Family of Strangers
Growing up as an only child in both Malaysia and The Netherlands, I didn't see people in my family who looked like me.
For this project I took to the streets and asked over 50 people, who looked similar to me, to participate in a photo series which I presented as my family of strangers.
I wanted to understand how important visual representation was to each of them and how they felt about their cross-cultural identities, by exploring what it means to be "mixed".
PHOTOGRAPHY, RESEARCH & GRAPHIC DESIGN / Jowi Len Kemper
September '18
I approached complete strangers on the street and invited them into my living room where we posed as an ordinary family. The process was so weird yet somehow also very comfortable, as if we already shared a certain understanding. Not a single person I approached declined to have their picture taken.

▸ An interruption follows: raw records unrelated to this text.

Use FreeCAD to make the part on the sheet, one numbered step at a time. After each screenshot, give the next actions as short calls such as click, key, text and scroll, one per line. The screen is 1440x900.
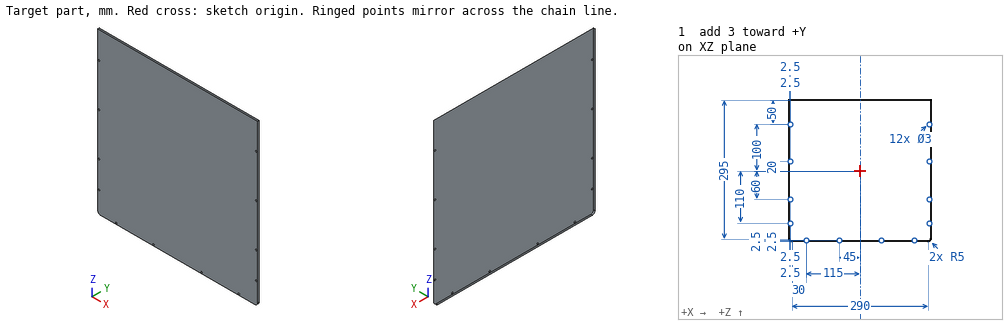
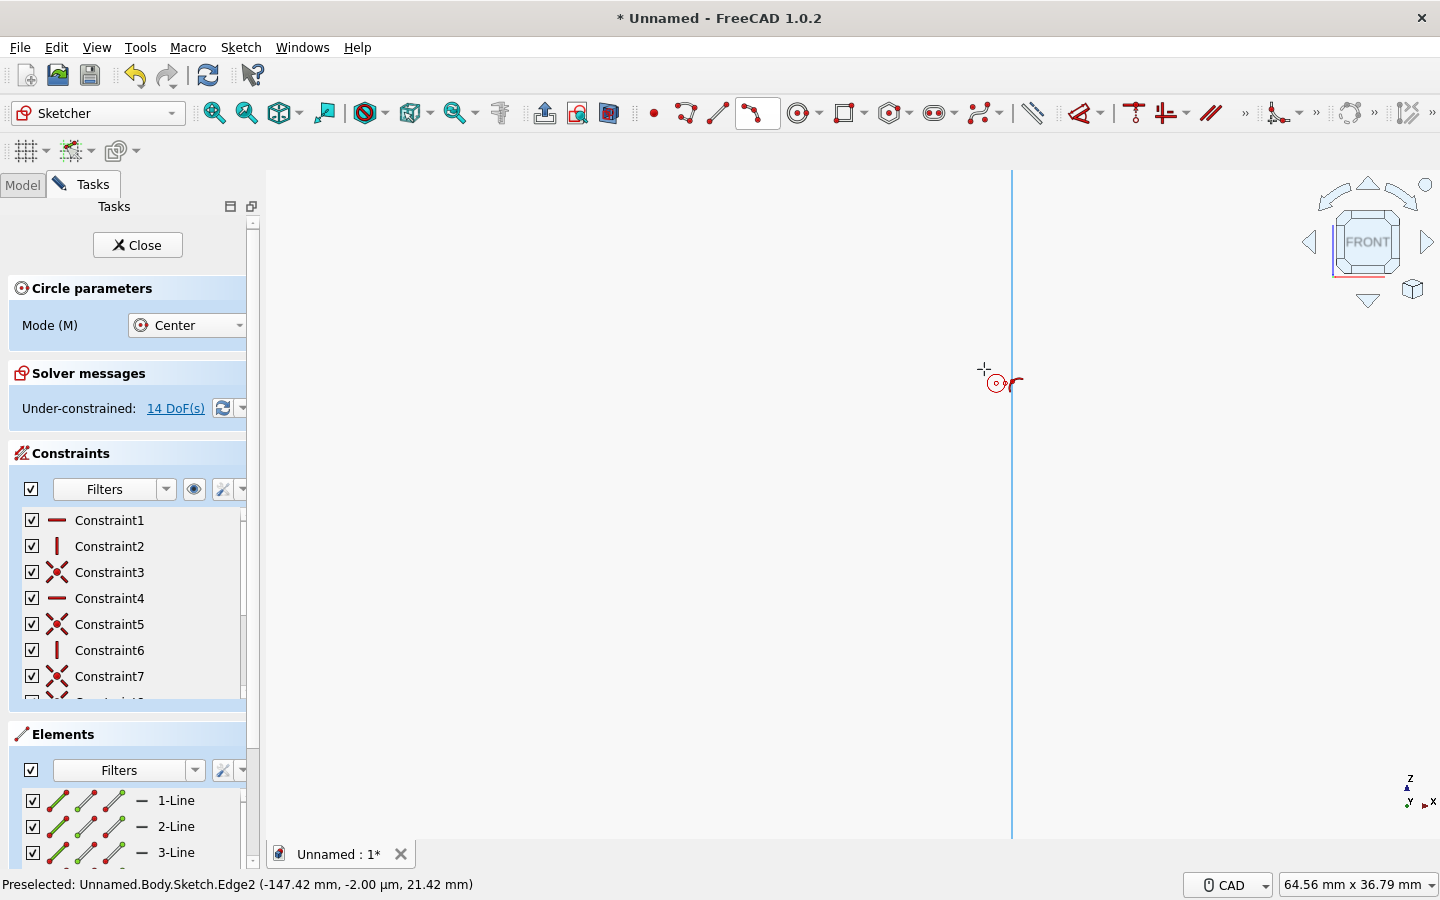
click(971, 371)
move(990, 352)
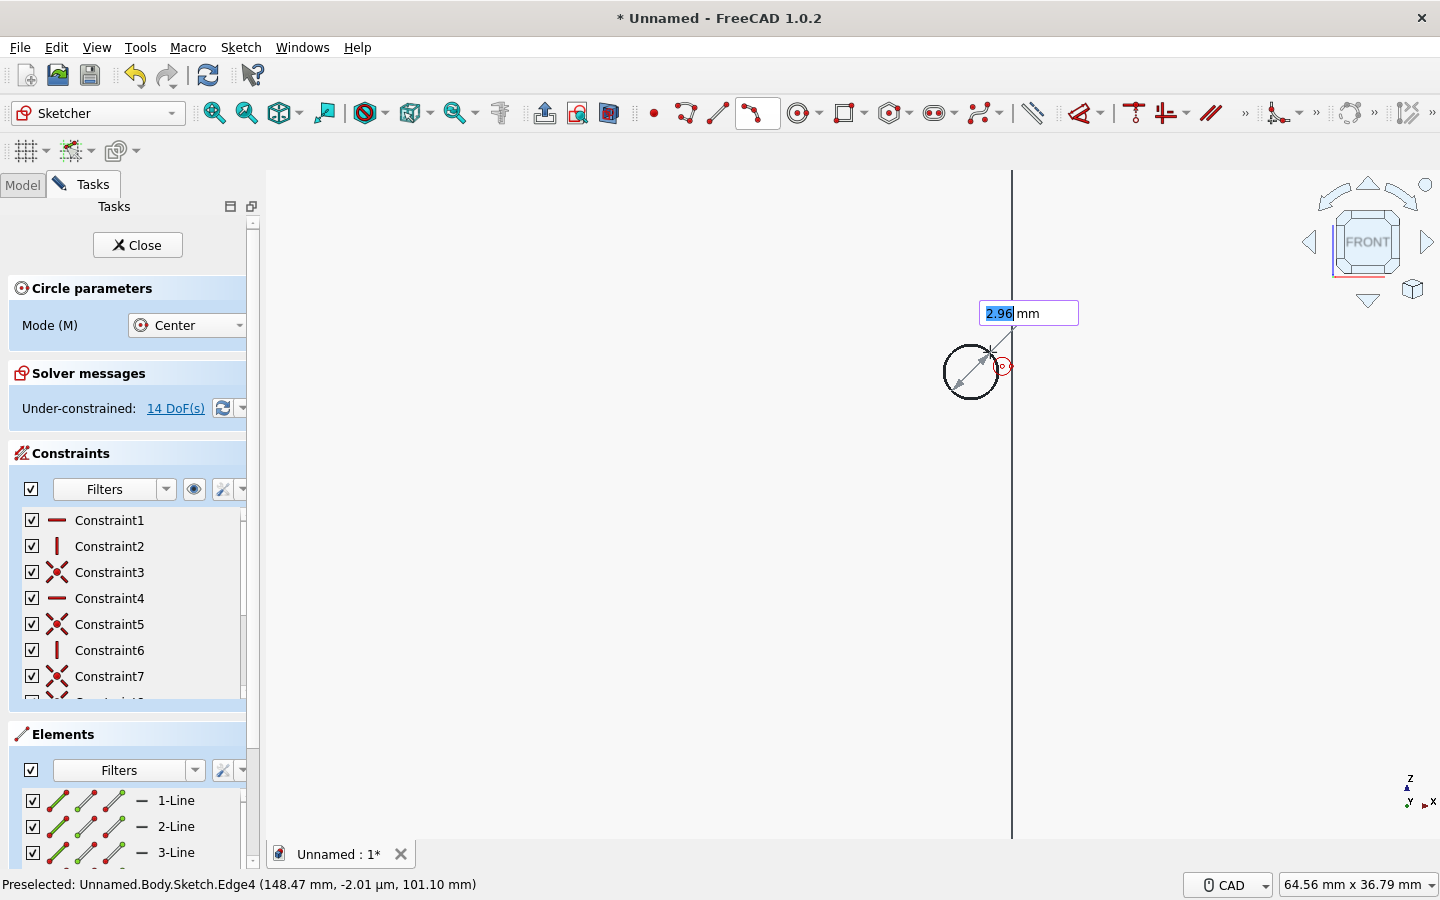
text(3)
key(Return)
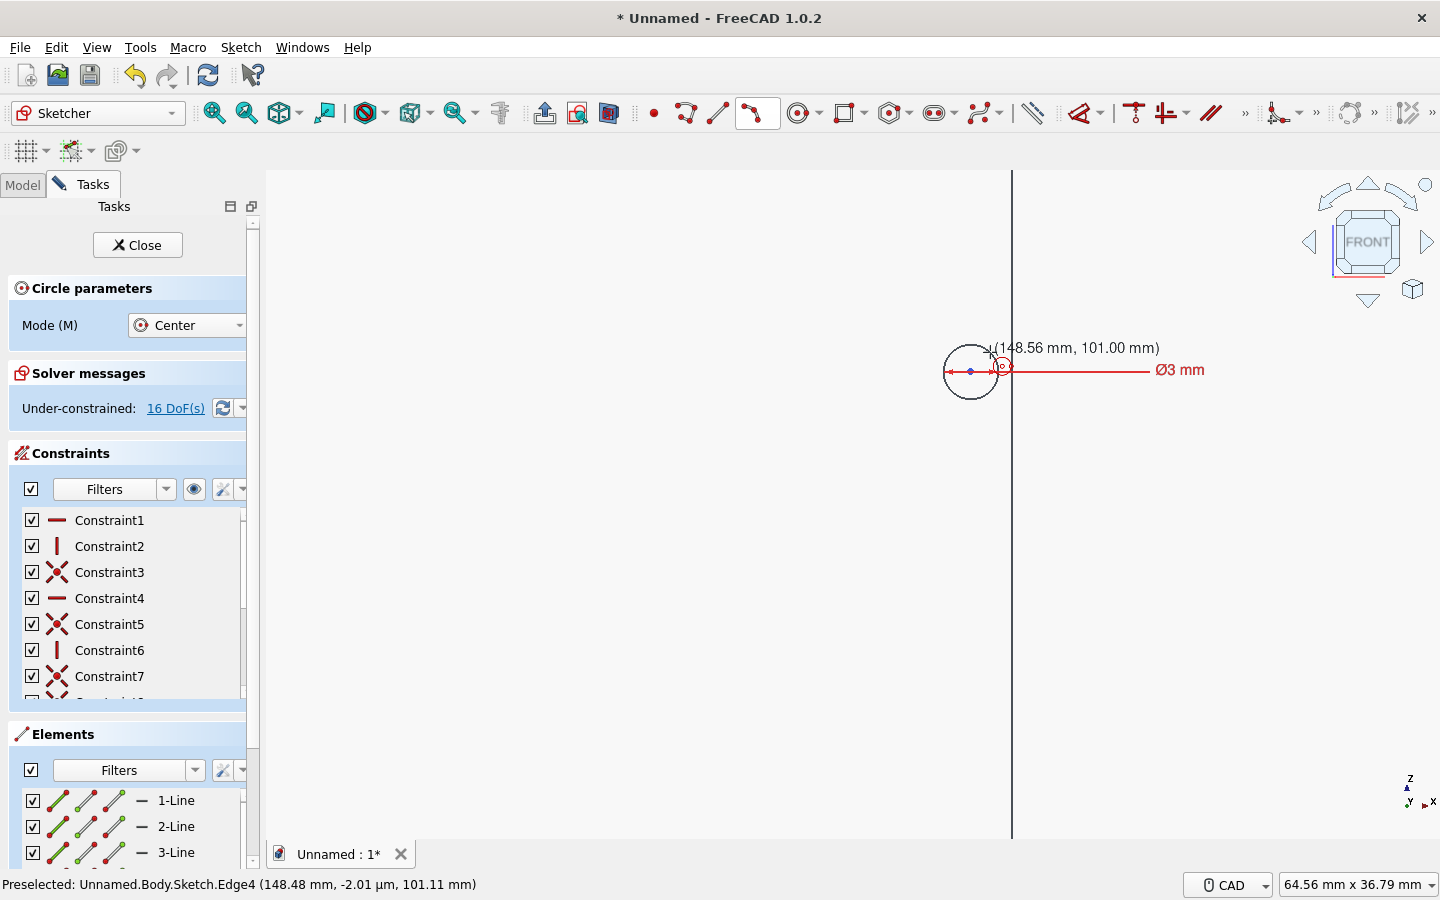
scroll(985, 369, down, 13)

Family of Strangers was an attempt to create better representation and understanding of Cross-Cultural identities. This liminal identity can still be confusing if asked to conform to a Mono-Cultural environment, where do you belong if you can fit in everywhere and simultaneously nowhere?

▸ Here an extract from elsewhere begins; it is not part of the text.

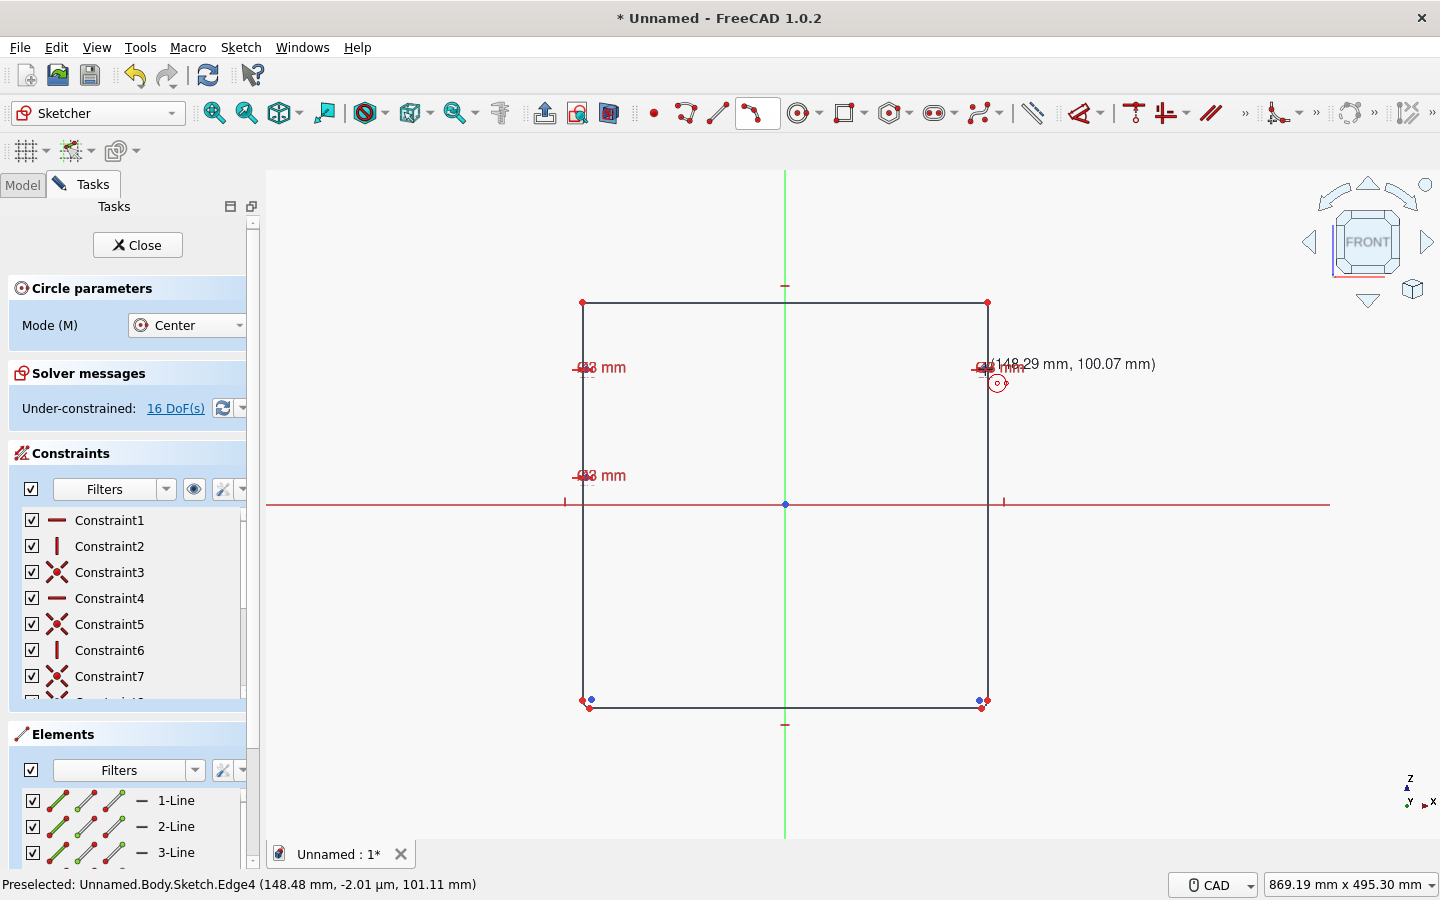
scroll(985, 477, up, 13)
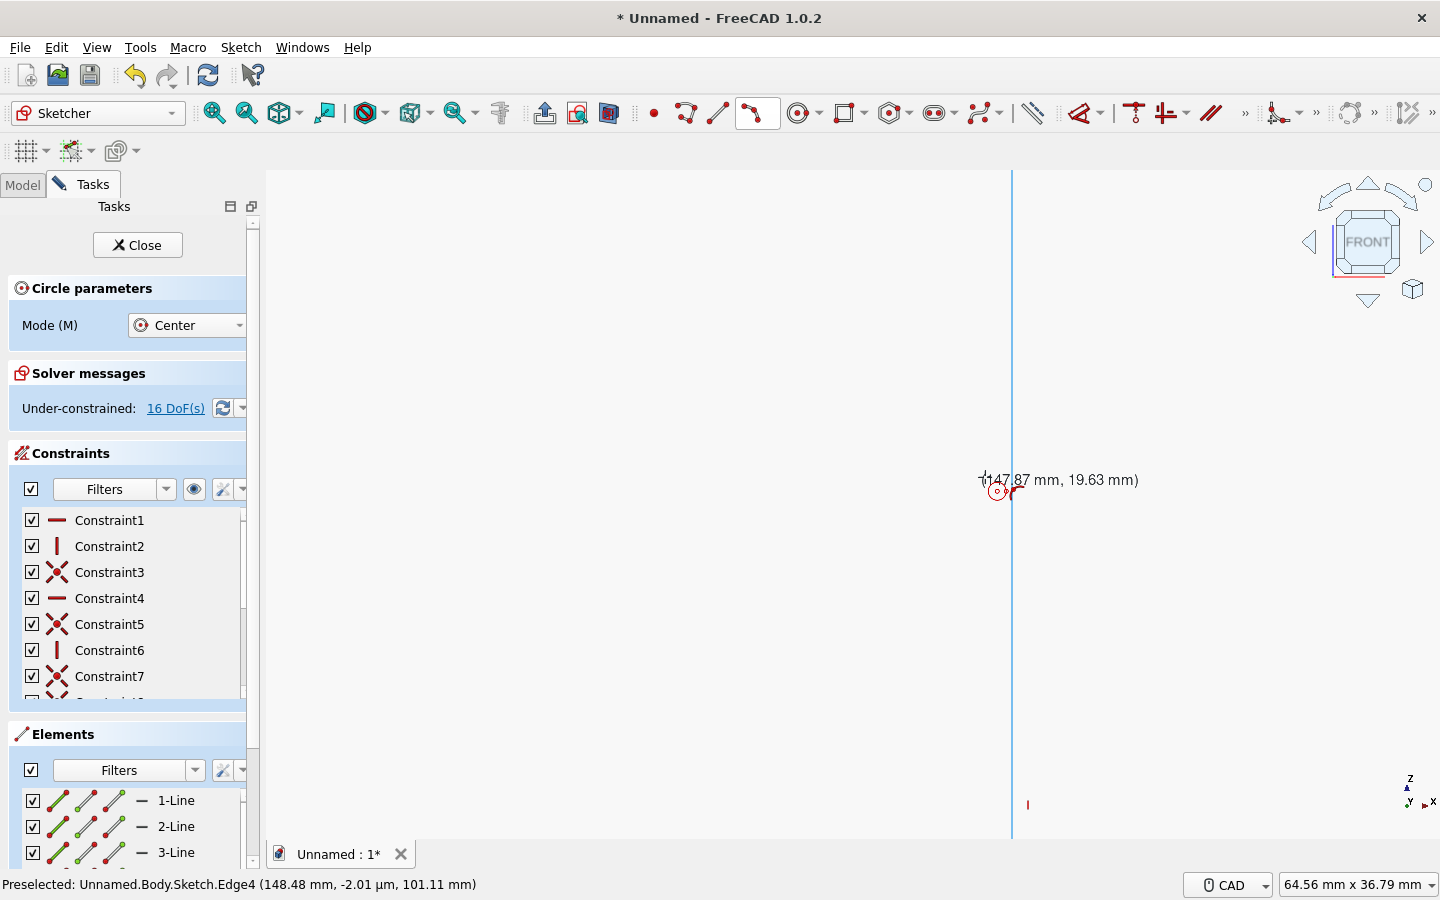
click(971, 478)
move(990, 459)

The result was a research conclusion that led me to believe that the value of Cross-Cultural identities lies in the ability to code-switch, a skill we desperately need in our ever-globalizing world.
The results were displayed during an expo at the Willem de Kooning Academy of Arts in 2018, I asked visitors to find complete strangers who they felt looked like them and pose as their own Family of Strangers. This allowed for conversations to open up about identity, belonging and representation.